■ Stored data:

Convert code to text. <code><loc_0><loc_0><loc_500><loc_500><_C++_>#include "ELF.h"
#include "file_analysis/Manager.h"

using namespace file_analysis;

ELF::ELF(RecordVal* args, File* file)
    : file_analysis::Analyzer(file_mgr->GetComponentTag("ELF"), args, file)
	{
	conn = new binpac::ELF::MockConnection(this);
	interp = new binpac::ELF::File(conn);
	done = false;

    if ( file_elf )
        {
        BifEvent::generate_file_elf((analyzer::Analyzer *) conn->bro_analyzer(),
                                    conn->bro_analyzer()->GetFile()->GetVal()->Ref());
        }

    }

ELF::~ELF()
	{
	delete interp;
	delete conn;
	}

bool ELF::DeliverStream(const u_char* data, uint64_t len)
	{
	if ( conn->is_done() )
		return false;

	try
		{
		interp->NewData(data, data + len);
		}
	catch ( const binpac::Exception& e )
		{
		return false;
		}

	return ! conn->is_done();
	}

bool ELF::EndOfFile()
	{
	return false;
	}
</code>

...

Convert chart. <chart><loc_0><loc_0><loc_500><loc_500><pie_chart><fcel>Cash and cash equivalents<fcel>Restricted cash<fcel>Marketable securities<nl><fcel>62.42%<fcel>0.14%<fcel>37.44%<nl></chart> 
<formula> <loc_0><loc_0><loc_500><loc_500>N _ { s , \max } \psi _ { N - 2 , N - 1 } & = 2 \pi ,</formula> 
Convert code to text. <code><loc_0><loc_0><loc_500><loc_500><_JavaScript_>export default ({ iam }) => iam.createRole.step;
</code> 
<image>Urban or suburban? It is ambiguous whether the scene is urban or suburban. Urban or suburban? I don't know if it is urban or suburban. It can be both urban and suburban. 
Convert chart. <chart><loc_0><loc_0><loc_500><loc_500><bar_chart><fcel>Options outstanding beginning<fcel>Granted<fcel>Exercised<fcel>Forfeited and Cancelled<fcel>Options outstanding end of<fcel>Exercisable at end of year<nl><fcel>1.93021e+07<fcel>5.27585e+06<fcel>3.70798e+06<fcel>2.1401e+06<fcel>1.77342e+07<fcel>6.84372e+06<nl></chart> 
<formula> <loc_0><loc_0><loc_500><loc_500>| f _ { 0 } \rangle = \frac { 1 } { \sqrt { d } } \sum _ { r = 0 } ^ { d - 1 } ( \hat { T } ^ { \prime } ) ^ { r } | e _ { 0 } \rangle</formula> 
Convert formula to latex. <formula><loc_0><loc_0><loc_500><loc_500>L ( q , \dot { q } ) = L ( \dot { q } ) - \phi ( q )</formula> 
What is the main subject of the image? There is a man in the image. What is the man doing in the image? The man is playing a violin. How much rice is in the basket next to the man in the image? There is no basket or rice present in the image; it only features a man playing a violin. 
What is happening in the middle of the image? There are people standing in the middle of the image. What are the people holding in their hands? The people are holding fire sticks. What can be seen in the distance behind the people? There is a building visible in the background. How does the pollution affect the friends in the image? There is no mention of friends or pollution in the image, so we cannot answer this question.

---

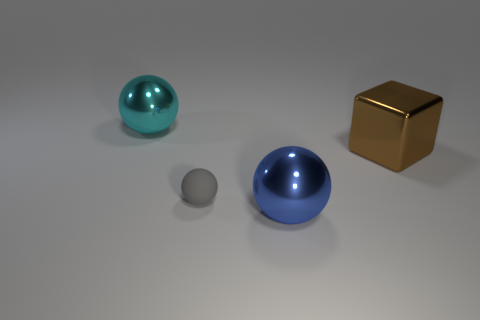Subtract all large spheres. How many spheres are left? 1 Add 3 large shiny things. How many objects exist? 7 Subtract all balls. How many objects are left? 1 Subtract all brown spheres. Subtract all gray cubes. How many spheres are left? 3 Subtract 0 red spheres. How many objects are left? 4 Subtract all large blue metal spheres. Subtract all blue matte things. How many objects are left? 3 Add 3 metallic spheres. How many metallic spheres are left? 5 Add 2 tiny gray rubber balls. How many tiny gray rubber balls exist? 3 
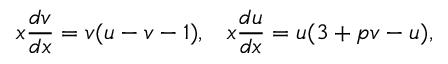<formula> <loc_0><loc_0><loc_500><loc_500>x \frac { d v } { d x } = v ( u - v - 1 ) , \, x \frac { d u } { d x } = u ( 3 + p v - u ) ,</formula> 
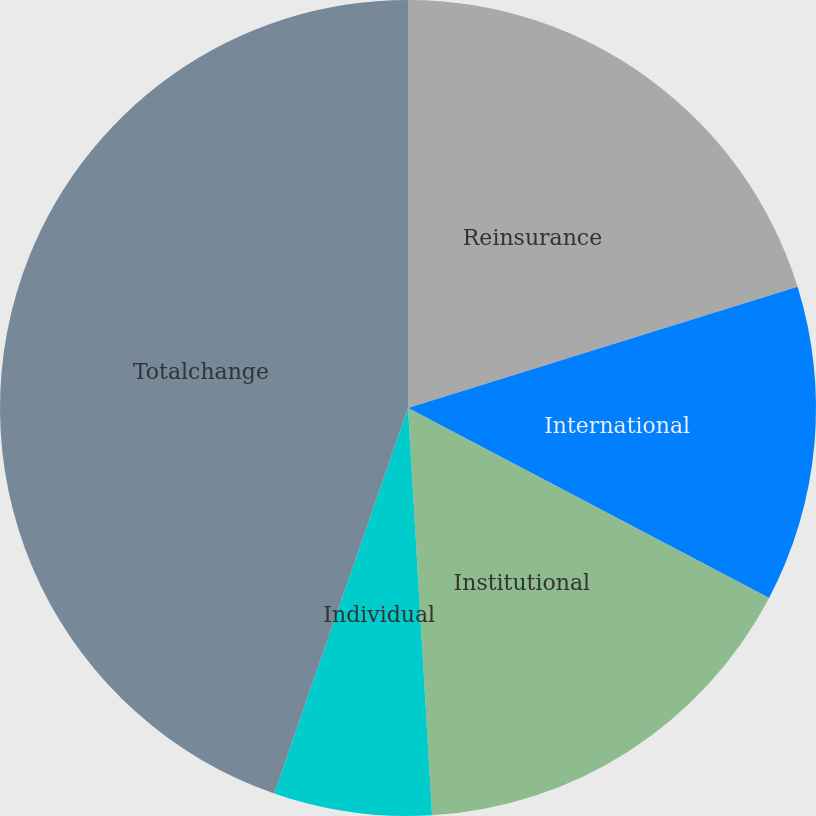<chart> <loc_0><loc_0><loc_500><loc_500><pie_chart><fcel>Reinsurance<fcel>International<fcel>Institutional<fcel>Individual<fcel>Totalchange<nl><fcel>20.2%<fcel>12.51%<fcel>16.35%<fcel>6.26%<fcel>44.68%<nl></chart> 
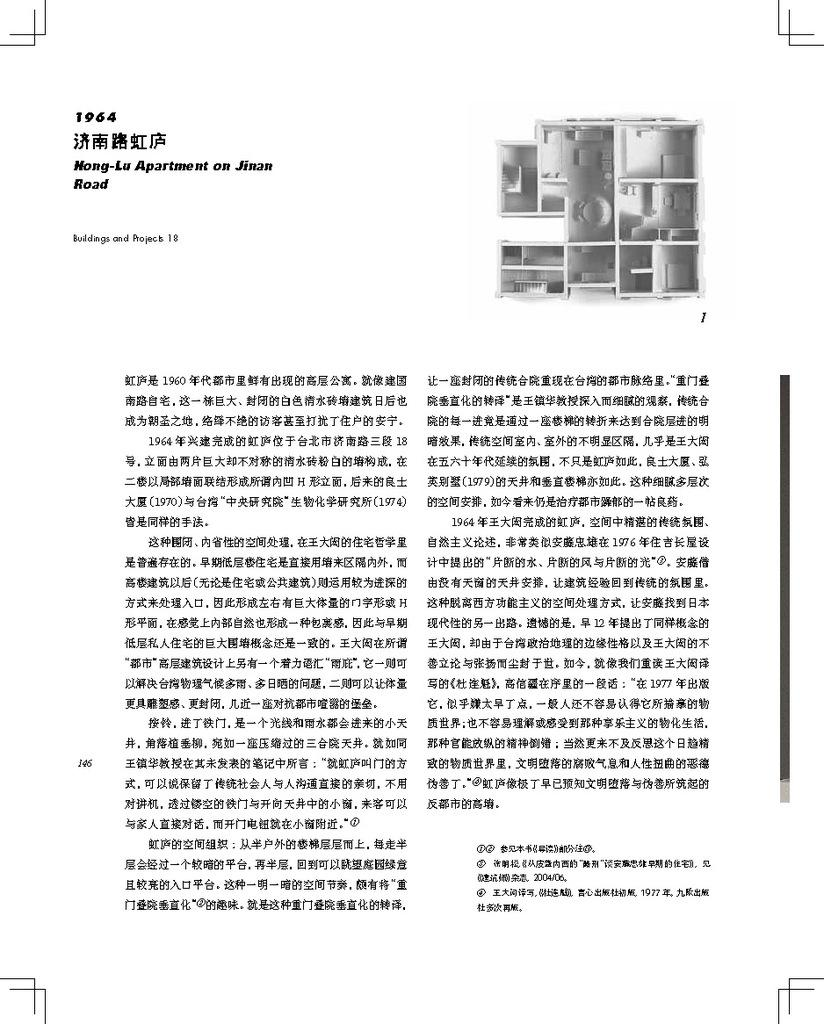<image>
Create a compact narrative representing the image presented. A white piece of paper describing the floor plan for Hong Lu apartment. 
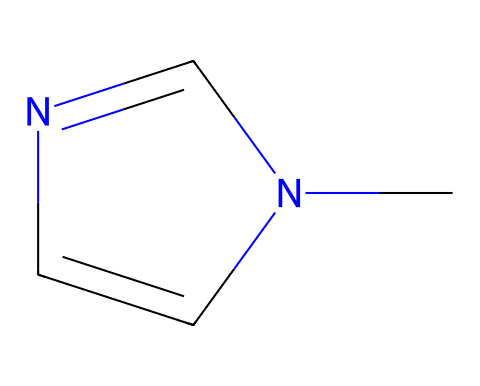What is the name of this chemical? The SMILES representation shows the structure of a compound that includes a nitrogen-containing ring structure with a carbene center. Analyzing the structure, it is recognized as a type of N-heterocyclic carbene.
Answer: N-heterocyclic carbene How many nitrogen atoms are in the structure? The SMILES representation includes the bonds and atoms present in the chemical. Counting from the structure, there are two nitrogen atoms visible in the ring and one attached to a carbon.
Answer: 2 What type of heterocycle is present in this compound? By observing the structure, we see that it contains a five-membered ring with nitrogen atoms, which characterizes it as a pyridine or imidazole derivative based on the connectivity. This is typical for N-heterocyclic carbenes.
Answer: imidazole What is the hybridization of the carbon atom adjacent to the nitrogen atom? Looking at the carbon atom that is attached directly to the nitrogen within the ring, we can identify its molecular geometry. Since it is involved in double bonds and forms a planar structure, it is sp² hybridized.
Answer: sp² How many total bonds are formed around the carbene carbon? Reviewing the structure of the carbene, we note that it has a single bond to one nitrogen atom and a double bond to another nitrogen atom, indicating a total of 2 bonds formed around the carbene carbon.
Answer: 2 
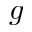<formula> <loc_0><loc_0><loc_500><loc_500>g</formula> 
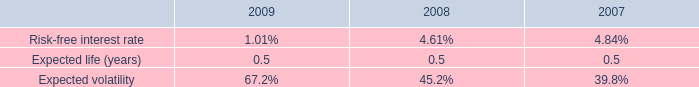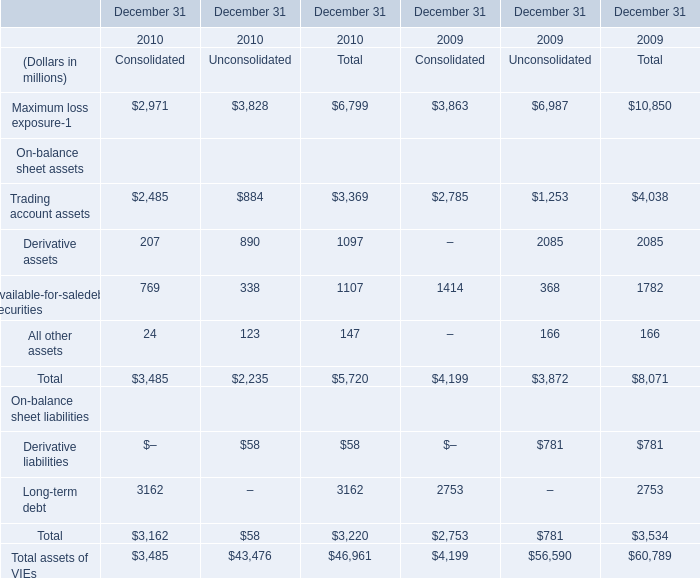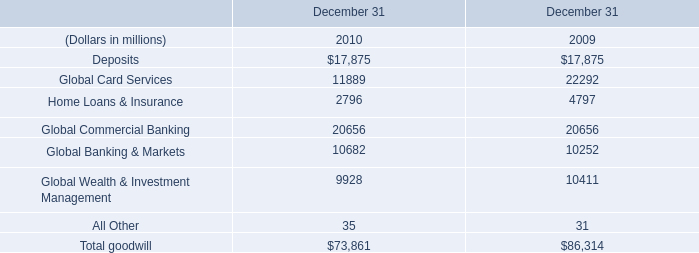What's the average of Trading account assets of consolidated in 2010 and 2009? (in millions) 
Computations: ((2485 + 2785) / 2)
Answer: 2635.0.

■ Assignment: Match on "return" and report each line of the data above that has it.

■ Written answer:
		return false;
		return false;
	return ! conn->is_done();
	return false;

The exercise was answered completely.